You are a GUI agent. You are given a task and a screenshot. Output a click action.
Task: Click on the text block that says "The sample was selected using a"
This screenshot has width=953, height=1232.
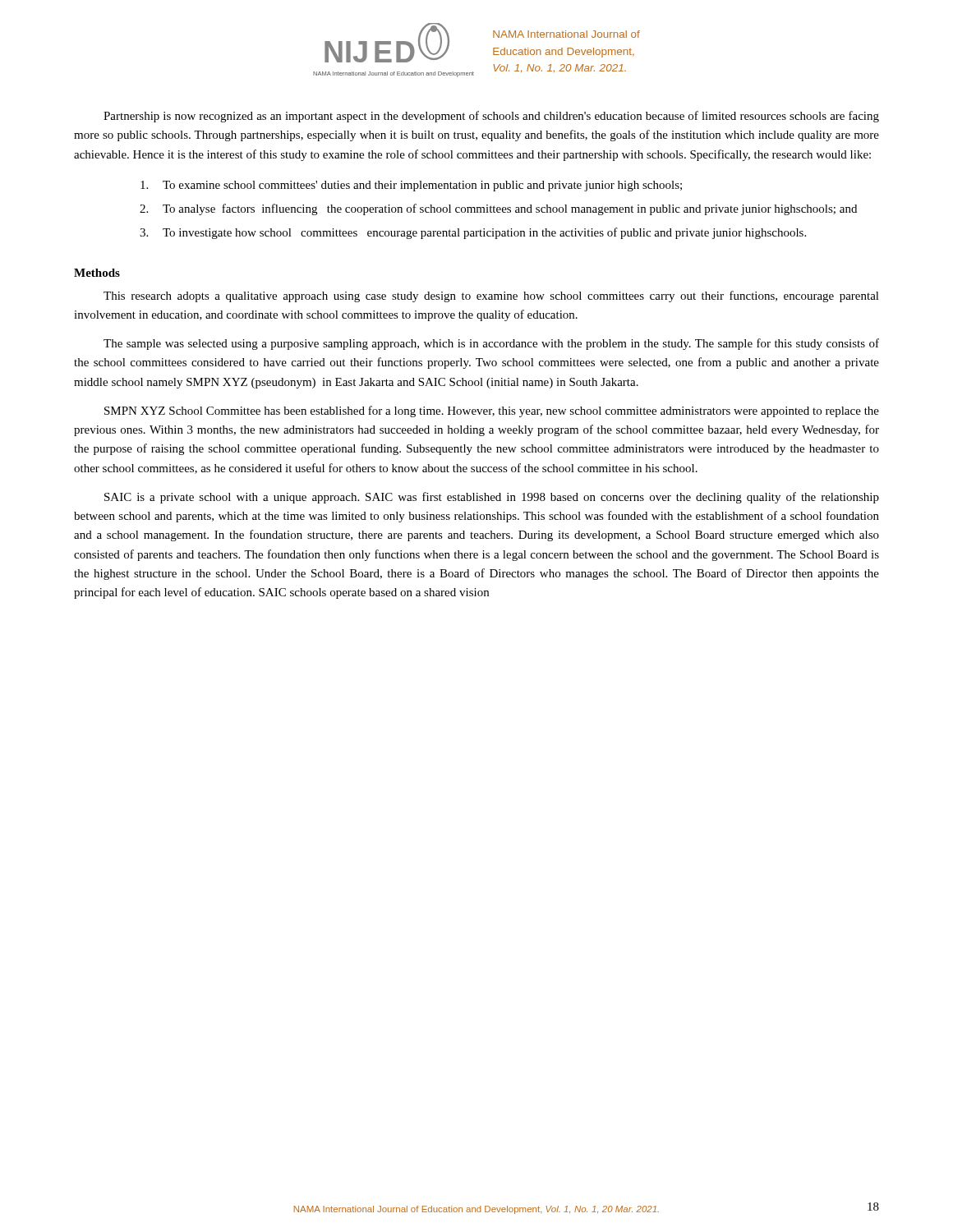(x=476, y=363)
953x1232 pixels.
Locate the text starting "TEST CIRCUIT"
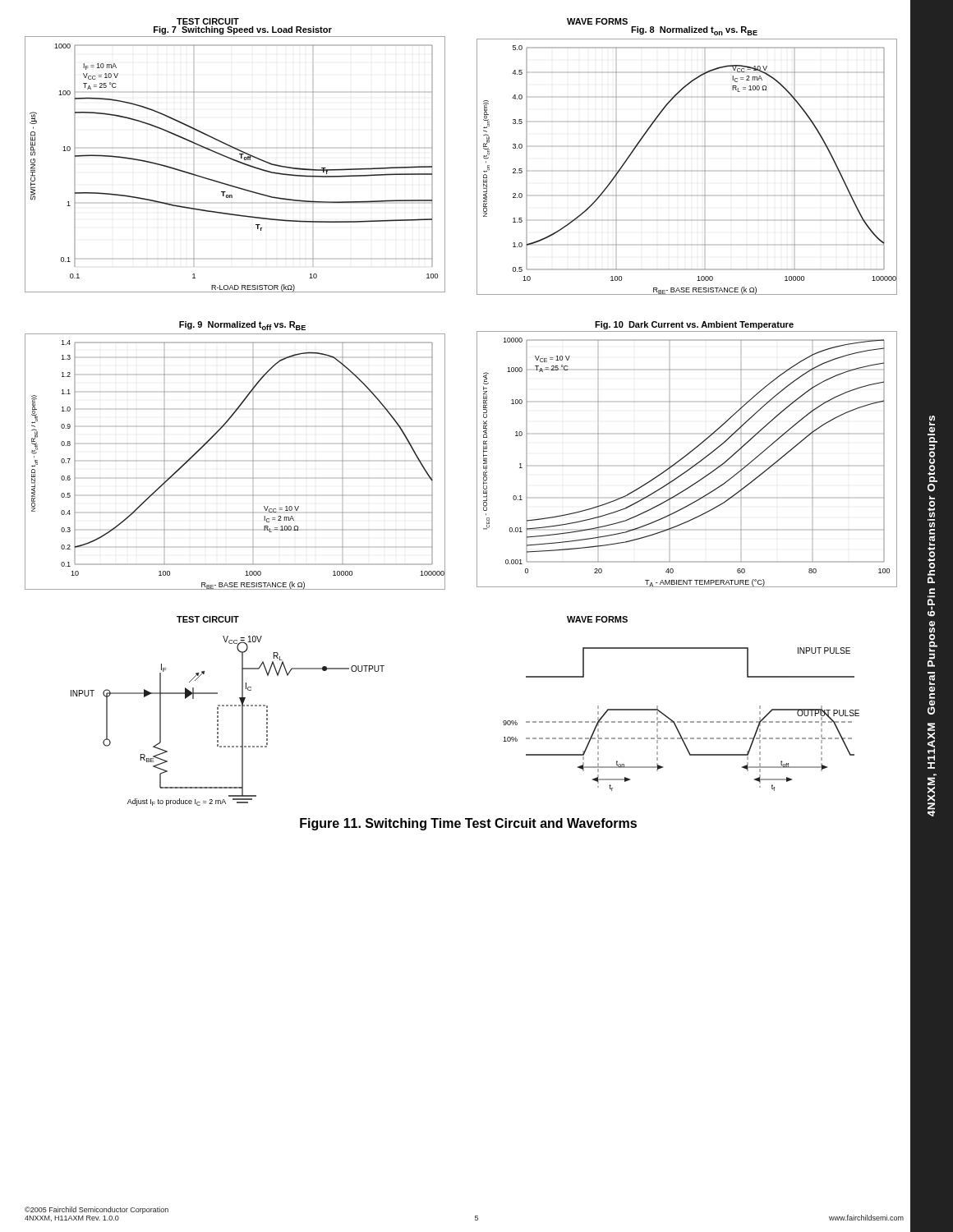[x=208, y=21]
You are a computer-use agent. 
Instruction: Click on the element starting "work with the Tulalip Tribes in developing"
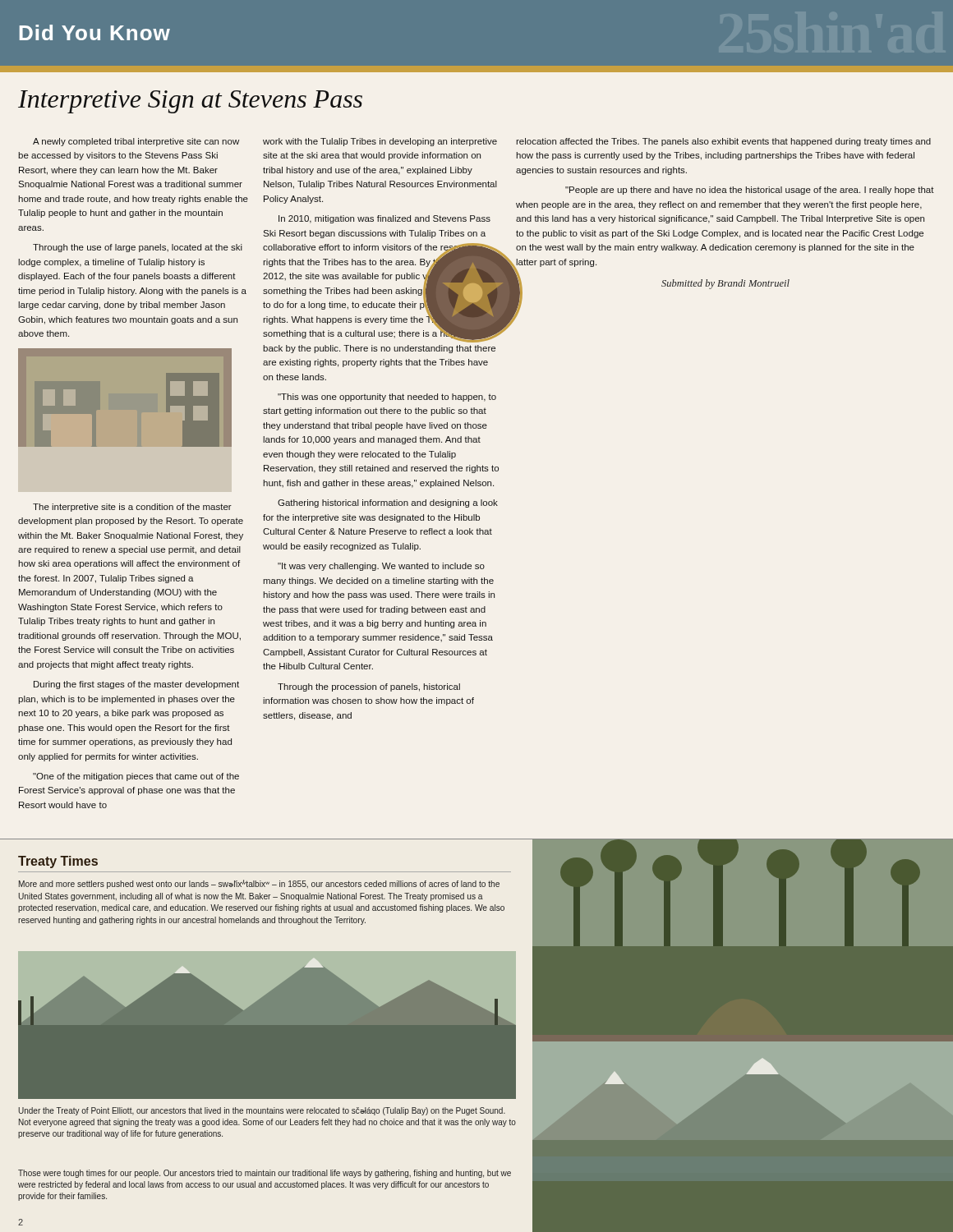(x=382, y=429)

Aim of the task: A faithful copy of the data is required: each word kept, each picture omitted.

Output of the exercise:
You are a GUI agent. You are given a task and a screenshot. Output a click action.
Task: Click on the text block that says "The sample was selected using a"
This screenshot has width=953, height=1232.
(x=476, y=363)
953x1232 pixels.
Locate the text starting "TEST CIRCUIT"
[x=208, y=21]
You are a computer-use agent. 
Instruction: Click on the element starting "work with the Tulalip Tribes in developing"
(x=382, y=429)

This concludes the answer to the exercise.